DATA TO USE:
____

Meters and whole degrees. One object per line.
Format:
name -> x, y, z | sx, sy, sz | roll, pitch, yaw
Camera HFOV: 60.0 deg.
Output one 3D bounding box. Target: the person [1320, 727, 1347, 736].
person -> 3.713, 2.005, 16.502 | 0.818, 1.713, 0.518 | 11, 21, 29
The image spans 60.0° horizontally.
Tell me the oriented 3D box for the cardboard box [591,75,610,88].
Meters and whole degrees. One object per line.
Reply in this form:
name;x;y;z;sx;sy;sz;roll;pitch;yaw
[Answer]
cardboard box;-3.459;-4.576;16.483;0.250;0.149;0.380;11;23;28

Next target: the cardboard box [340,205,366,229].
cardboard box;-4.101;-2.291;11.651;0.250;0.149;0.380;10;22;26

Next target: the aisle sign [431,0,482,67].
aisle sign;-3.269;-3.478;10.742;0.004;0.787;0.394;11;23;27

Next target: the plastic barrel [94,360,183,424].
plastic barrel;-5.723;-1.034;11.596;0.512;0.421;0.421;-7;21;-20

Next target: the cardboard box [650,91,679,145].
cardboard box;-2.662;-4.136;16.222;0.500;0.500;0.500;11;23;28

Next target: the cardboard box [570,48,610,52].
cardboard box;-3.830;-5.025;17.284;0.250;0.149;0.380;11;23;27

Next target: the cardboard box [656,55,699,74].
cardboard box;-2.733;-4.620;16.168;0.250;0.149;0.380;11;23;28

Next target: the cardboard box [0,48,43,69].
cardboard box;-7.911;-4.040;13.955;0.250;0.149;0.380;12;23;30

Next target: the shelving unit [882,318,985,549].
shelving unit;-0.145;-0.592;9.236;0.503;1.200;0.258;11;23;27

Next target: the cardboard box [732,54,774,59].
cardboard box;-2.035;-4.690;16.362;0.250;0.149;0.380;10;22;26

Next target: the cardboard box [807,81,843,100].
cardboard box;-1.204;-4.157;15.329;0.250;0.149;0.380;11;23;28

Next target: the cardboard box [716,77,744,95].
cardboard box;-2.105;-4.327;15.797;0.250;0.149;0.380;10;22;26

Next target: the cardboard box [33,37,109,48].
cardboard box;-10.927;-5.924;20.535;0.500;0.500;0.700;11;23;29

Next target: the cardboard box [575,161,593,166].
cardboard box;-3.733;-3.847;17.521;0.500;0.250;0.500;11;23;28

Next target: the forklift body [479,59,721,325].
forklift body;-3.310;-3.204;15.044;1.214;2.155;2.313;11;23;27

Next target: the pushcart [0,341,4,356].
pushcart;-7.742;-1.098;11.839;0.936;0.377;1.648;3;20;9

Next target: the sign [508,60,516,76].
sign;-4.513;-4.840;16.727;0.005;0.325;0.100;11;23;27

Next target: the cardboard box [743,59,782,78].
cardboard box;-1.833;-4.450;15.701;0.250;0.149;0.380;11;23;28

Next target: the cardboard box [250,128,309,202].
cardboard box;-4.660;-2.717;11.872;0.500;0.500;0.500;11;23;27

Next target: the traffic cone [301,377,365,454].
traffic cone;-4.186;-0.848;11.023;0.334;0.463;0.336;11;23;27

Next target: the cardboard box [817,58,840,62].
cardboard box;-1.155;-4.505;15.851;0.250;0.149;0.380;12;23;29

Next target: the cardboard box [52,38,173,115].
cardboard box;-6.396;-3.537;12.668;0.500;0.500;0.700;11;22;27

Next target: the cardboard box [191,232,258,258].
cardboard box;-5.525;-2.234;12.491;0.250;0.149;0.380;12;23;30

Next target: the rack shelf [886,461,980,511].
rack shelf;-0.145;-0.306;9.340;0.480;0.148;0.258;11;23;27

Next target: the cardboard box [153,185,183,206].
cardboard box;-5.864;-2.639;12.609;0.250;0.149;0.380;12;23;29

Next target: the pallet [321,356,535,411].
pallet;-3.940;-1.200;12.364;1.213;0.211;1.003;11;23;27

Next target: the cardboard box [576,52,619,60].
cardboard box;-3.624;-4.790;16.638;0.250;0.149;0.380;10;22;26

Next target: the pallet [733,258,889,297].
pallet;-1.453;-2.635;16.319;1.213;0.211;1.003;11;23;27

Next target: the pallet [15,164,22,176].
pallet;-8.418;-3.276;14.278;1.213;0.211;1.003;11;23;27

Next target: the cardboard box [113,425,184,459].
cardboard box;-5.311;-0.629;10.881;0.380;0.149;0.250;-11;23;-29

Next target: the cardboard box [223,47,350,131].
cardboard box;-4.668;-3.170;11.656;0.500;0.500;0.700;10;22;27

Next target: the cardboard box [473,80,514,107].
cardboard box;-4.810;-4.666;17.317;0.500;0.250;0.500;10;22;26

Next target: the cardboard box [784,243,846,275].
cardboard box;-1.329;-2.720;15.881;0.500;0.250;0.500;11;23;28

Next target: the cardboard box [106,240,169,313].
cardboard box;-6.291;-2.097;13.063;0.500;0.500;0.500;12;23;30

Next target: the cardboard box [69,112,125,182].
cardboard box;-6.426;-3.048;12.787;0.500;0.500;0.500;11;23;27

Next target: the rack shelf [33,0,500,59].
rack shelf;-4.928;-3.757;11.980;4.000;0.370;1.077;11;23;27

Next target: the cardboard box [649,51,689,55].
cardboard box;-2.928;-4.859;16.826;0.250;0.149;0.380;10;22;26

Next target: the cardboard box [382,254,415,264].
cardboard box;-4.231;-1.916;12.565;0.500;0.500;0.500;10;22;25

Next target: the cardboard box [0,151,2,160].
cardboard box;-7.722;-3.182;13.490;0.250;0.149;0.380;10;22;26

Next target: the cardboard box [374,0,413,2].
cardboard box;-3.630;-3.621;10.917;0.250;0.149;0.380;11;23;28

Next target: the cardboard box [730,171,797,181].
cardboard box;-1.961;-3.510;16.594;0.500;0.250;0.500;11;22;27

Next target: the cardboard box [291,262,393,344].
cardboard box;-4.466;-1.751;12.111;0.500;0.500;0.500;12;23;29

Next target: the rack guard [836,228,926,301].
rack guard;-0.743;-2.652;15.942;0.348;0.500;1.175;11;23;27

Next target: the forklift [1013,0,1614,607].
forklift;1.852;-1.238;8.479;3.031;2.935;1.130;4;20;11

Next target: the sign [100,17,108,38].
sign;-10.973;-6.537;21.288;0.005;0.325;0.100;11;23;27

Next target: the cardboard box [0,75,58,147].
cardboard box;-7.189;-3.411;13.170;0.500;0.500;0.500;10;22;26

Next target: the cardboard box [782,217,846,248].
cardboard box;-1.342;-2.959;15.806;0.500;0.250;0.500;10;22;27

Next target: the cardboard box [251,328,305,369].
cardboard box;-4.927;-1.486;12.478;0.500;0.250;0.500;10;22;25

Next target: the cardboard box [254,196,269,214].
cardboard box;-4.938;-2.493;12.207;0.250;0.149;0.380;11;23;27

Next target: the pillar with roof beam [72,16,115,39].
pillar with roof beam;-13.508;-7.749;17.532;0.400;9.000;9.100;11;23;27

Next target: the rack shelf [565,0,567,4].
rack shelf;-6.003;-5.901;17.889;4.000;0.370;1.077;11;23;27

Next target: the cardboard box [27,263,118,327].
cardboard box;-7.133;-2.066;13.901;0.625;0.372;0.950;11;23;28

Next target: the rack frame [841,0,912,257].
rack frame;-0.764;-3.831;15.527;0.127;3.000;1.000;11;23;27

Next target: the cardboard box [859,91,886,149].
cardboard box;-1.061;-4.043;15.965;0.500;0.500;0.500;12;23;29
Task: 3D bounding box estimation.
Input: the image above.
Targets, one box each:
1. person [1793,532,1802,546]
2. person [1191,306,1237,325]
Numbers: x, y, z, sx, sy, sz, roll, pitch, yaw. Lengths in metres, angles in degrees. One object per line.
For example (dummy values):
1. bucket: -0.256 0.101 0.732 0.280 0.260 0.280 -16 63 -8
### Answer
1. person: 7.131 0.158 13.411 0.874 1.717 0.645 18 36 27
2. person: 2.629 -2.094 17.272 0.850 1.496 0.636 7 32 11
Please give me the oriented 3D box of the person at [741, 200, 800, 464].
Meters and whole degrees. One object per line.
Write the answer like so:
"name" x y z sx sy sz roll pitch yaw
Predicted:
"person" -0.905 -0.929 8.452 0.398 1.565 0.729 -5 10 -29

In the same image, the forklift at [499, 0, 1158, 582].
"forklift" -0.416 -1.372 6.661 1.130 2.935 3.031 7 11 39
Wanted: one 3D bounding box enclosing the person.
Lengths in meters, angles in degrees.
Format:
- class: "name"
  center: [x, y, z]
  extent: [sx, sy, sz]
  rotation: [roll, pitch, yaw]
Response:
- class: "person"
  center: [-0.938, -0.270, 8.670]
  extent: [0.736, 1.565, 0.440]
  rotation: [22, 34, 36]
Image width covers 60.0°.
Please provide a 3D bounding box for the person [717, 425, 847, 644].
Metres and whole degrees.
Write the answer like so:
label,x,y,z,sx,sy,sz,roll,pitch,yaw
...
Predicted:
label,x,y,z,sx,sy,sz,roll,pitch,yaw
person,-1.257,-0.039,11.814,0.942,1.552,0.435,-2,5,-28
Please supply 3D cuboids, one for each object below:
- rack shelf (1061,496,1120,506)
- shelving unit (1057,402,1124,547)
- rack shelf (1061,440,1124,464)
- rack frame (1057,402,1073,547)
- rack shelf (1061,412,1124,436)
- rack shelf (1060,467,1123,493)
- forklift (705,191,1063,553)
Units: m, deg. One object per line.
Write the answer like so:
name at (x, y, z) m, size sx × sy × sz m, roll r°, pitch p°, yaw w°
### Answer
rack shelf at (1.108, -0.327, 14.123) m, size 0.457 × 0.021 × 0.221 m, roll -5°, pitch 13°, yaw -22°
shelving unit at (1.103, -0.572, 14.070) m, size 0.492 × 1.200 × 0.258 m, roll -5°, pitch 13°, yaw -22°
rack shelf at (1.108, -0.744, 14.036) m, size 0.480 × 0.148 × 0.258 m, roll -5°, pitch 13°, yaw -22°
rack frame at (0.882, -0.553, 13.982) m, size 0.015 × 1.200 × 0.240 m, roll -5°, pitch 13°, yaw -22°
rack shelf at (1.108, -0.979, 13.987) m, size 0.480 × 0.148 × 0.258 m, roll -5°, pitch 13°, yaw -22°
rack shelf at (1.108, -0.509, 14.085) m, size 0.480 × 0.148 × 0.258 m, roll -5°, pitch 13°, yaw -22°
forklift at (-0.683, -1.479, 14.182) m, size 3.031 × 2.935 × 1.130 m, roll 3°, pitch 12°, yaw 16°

____

ASSIGNED TASK:
Scan the entries above for the string "Lengths" and copy each line containing it.

RESPONSE TO THIS EXERCISE:
Numbers: x, y, z, sx, sy, sz, roll, pitch, yaw. Lengths in metres, angles in degrees. One object per line.
Lengths in meters, angles in degrees.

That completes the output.